Sayangnya keragaman jenis tanaman ini justru semakin terancam karena pertimbangan ekonomi mendorong lahirnya pilihan tunggal pada jenis tanaman apa yang akan dibudiayakan. "Dapat dipastikan bahwa hanya jenis tanaman tertentu saja yang akan dipelihara karena mampu memberikan keuntungan ekonomi yang tinggi. Sementara yang lainnya akan ditinggalkan dengan sendirinya," ujar Said.

Sifat dasar benih yang memiliki waktu tumbuh yang terbatas menyebabkan semakin lama suatu jenis tidak ditanam maka akan semakin mungkin hilang. Situasi ini semakin dengan kondisi petani yang ada, terutama di indonesia dimana kepemilikan dan akses ke lahan pertanian makin terbatas.

Sebagai contoh studi KRKP mengungkapkan, pada suatu kelompok pemulia benih padi di Indramayu, kebutuhan untuk menjaga agar koleksi benih yang mencapai 100 jenis dibutuhkan idealnya 1 ha sawah. Sawah seluas itu diperuntukan hanya untuk terus bisa menanam benih agar tetap bisa terjaga. "Bagi petani cara menyimpan atau melestarikan benih yang terbaik adalah dengan menanamnya," kata Said.

Sayangnya berkurangnya lahan sawah akibat tekanan perkembangan industri dan perumahan membuat lahan-lahan petani untuk menjaga keragaman ini semakin mengecil. Hal ini juga mempercepat terjadinya kehilangan keragaman jenis tanaman pangan di Indonesia. "Memang betul ada cara tradisional yang bisa dipakai untuk meningkatkan daya tahan benih namun tetap saja benih harus ditanam untuk menjaga kualitasnya. Sementara untuk penyimpanan benih moderen memerlukan alat dan investasi yang tidak sedikit," ujar Said menambahkan.

Di Indonesia, pembukaan hutan besar-besaran mandorong hilangnya sebagian spesies.
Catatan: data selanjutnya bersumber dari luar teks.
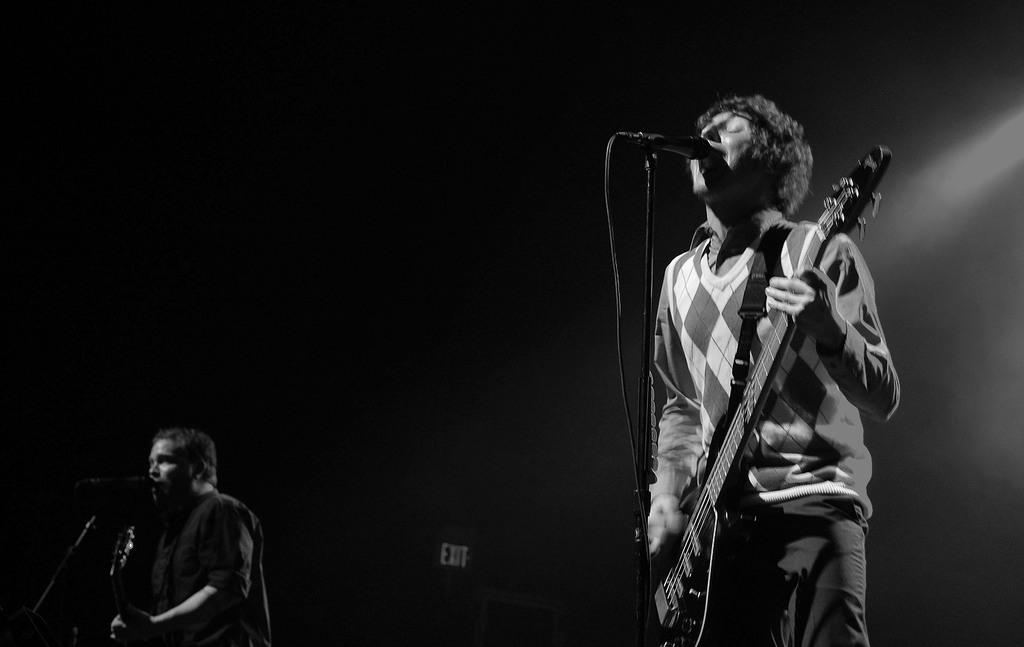What is the person holding in the image? The person is holding a guitar. What can be seen in front of the person? There is a mic and a mic holder in front of the person. Are there any other mics visible in the image? Yes, there is another mic in front of the person. How many cats are sitting on the desk in the image? There is no desk or cats present in the image. 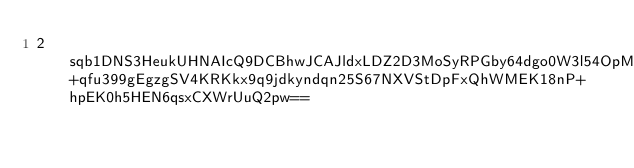Convert code to text. <code><loc_0><loc_0><loc_500><loc_500><_SML_>2sqb1DNS3HeukUHNAIcQ9DCBhwJCAJldxLDZ2D3MoSyRPGby64dgo0W3l54OpMlsSFKB9yUM2RfWnxf47ScUllzWAVHtA7AAFPcGUfzRHpzzvWOdmXwlAkErPVKhP4+qfu399gEgzgSV4KRKkx9q9jdkyndqn25S67NXVStDpFxQhWMEK18nP+hpEK0h5HEN6qsxCXWrUuQ2pw==</code> 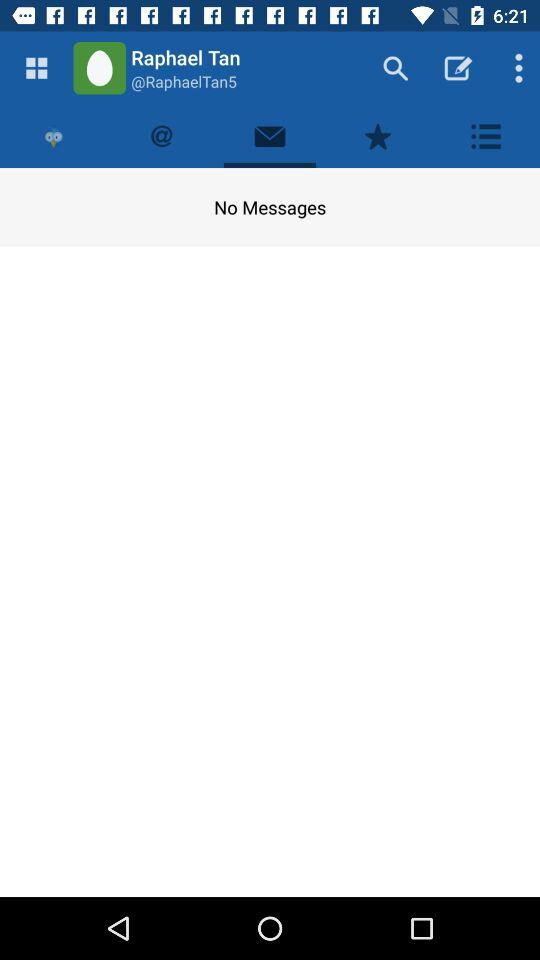Which tab has been selected? The tab that has been selected is "Messages".

Pembukaan hutan yang terjadi sebagian besar diperuntukkan untuk kebun kelapa sawit. Pada tahun 2003, perkebunan sawit mencapai 5,25 juta hektar dan meningkat menjadi 5,5 juta hektar pada tahun 2005. Pada tahun 2020 diperkirakan meningkat menjadi 13,8 juta hektar. Konversi hutan alam menjadi perkebunan kelapa sawit merupakan ancaman serius bagi konservasi keanekaragaman hayati, karena konversi sering dilakukan di hutan hujan tropis dataran rendah yang dikategorikan sebagai tipe ekosistem dengan keanekaragaman hayati tertinggi.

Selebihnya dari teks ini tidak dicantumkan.